Publicaties van Louise Bourgeois Boursier
- 1609 : Observations diverses sur la stérilité, perte de fruict, foecondité, accouchements et maladies des femmes et enfants nouveaux naiz, 1 vol. Parijs, Saugrain (1e deel).
- 1617 : Observations diverses sur la stérilité, perte de fruict, foecondité, accouchements et maladies des femmes et enfants nouveaux naiz, 2 vols. Parijs, Saugrain.
- 1626 : Observations diverses sur la stérilité, perte de fruict, foecondité, accouchements et maladies des femmes et enfants nouveaux naiz, 3 vols. Parijs, Mondière.
- 1627 : Apologie de Louyse Bourgeois dite Bourcier, Sage femme de la Royne mere du Roy, & de feu Madame. Contre le rapport des medecins. Parijs, Mondière.
- 1627 (?): Fidelle relation de l’accouchement, maladie et ouverture du corps de feu Madame [zonder plaats]
- 1635 : Recueil des secrets. Parijs, Mondière.
Aanbevolen lectuur
- Bourgeois, Louise. Vroedvrouw van de koningin van Frankrijk: Diverse observaties. Geredigeerd door Alison Klairmont Lingo. Vertaald door Stephanie O'Hara. Toronto en Tempe: Iter en Arizona Center for Medieval and Renaissance Studies, 2017.
- Bourgeois, Louise. Verschillende observaties over de steriliteit, het fruit, de gezondheid, de problemen en ziekten van vrouwen en nieuwe kinderen; suivi de Instructies à ma fille: 1609. Geredigeerd door Françoise Olive. Parijs: Côté-femmes, 1992.
- Broomhall, Susan. Medisch werk door vrouwen in het vroegmoderne Frankrijk. Manchester, VK: Manchester University Press, 2004.
- Chereau, Achille. Marie de Medici, koningin van Frankrijk en Navarra, zes leveringen. Parijs: Willem Press, 1875.
- Gelbart, Nina Rattner, De vroedvrouw van de koning: een geschiedenis en mysterie van Madame du Coudray. Berkeley: University of California Press, 1998.
- Groen, Monica. Vrouwengeneeskunde mannelijk maken: de opkomst van mannelijk gezag in de premoderne gynaecologie. Oxford, VK: Oxford University Press, 2008.
- Groen, Monica. Gezondheidszorg voor vrouwen in het middeleeuwse Westen: teksten en contexten. Aldershot, VK: Routledge, 2002.
- Klairmont Lingo, Alison. “Louise Bourgeois' school voor leren en handelen.” Women's Studies: An Interdisciplinary Journal 49, nr. 3 (2020): 229–255. doi.org/10.1080/00497878.2020.1714396.
- Klairmont Lingo, Alison. “Connaître le secret des femmes: Louise Bourgeois (1563–1636), wijze vrouw de la reine, en Jacques Guillemeau (1549–1613), chirurgien du roi.” In Enfanter: discours, pratiques et representations de l'accouchement, ed. Adeline Gargam, 113–126. Frankrijk: Artois Presses Université, 2017.
- Klairmont Lingo, Alison. “Louise Bourgeois.” In Dictionnaire des femmes de l'Ancienne France, uitg. Marie-Elisabeth Henneau. SIEFAR, 2016.
- Morwiche, Pascale, "Donner in royaume", Grossesses en moeders à la Cour, XVIIe–XVIIIe siècle. Parijs: CNRS Editions, 2022.

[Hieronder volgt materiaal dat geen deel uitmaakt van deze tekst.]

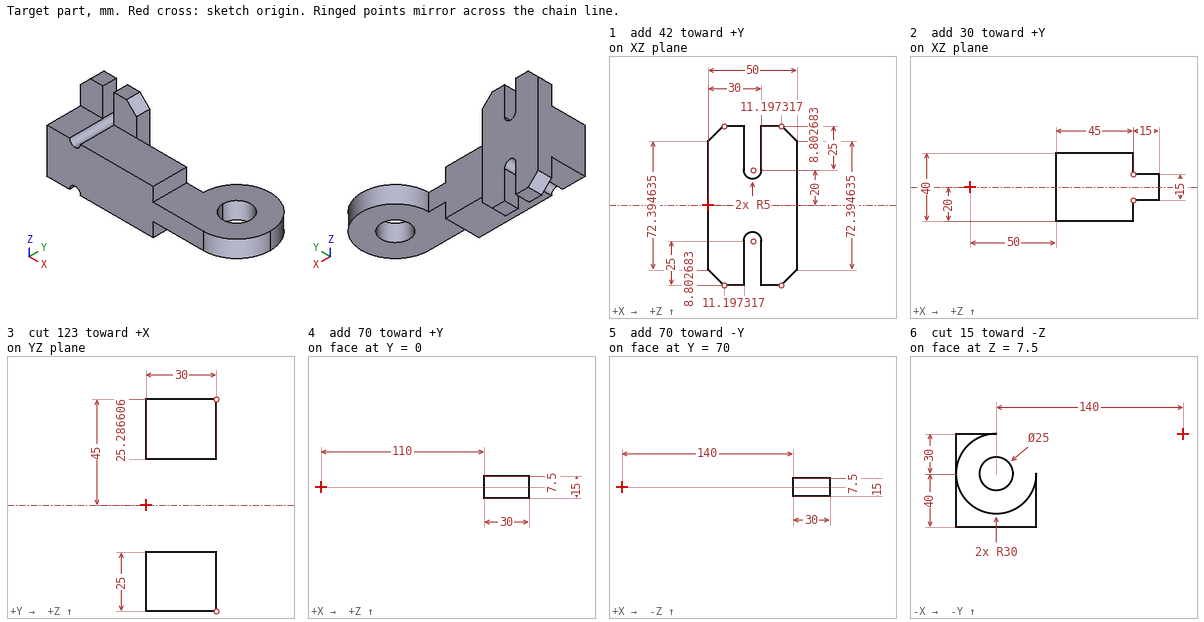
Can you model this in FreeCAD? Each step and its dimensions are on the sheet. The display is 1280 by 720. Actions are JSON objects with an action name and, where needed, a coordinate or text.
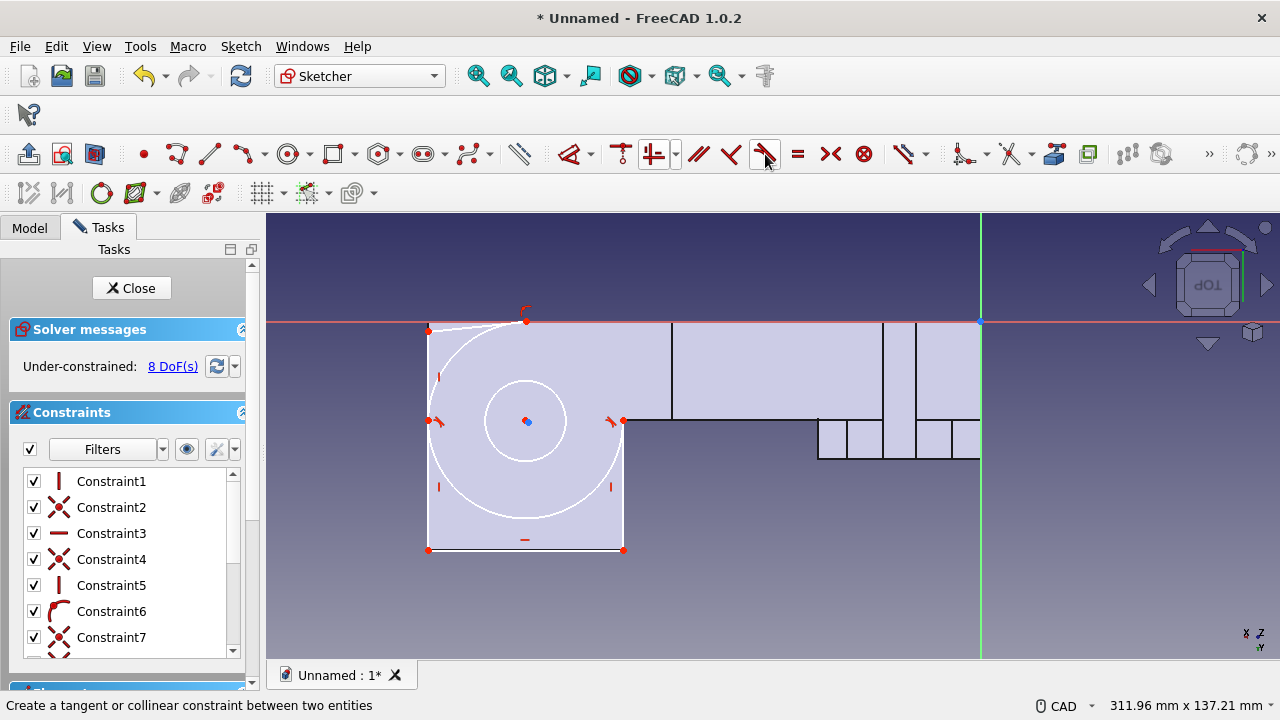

- O'Hara, Stephanie. “Vertaling, gender en vroegmoderne verloskunde: Louise Bourgeois' diverse observaties en The Complete Midwife's Practice.” New England Journal of History 65, nr. 1 (2008): 28–55.
- Perkins, Wendy. Verloskundige geneeskunde in het moderne Frankrijk: Louise Bourgeois. Exeter, VK: University of Exeter Press, 1996.
- Lees, Kirk D. Het baren van lichamen in het vroege Frankrijk: verhalen over gender en voortplanting. Abingdon, VK: Routledge, 2011.
- Robin, Diana, Anne R. Larsen en Carole Levin, red. Encyclopedie van vrouwen in de Renaissance: Italië, Frankrijk en Engeland. Santa Barbara, CA: ABC-CLIO, 2007.
- Sheridan, Bridgette. “Waarheen met het krijgen van kinderen: gender, status en de professionalisering van de geneeskunde in het vroegmoderne Frankrijk.” In Gender and Scientific Discourse in Early Modern, red. Kathleen P. Long, 239–258. Abingdon, VK: Routledge, 2016.
- Thomas, Samuel. “Vroegmoderne vroedkunde: het beroep splitsen, de geschiedenis verbinden.” Journal of Social History 43, nr. 1 (2009): 115–138.
- Tucker, Holly. Ficties over zwangerschap: de bevalling en het sprookje in het vroegmoderne Frankrijk. Detroit, IL: Wayne State University Press, 2003.
- Worth-Stylianou, Valerie. “Geboorteverhalen in Franse medische werken ca. 1500–1650”, www.birthingtales.org.
- Worth-Stylianou, Valerie. Zwangerschap en geboorte in het vroegmoderne Frankrijk: verhandelingen van zorgzame artsen en chirurgen (1581–1625). Toronto: Centrum voor Reformatie en Renaissance Studies, 2013.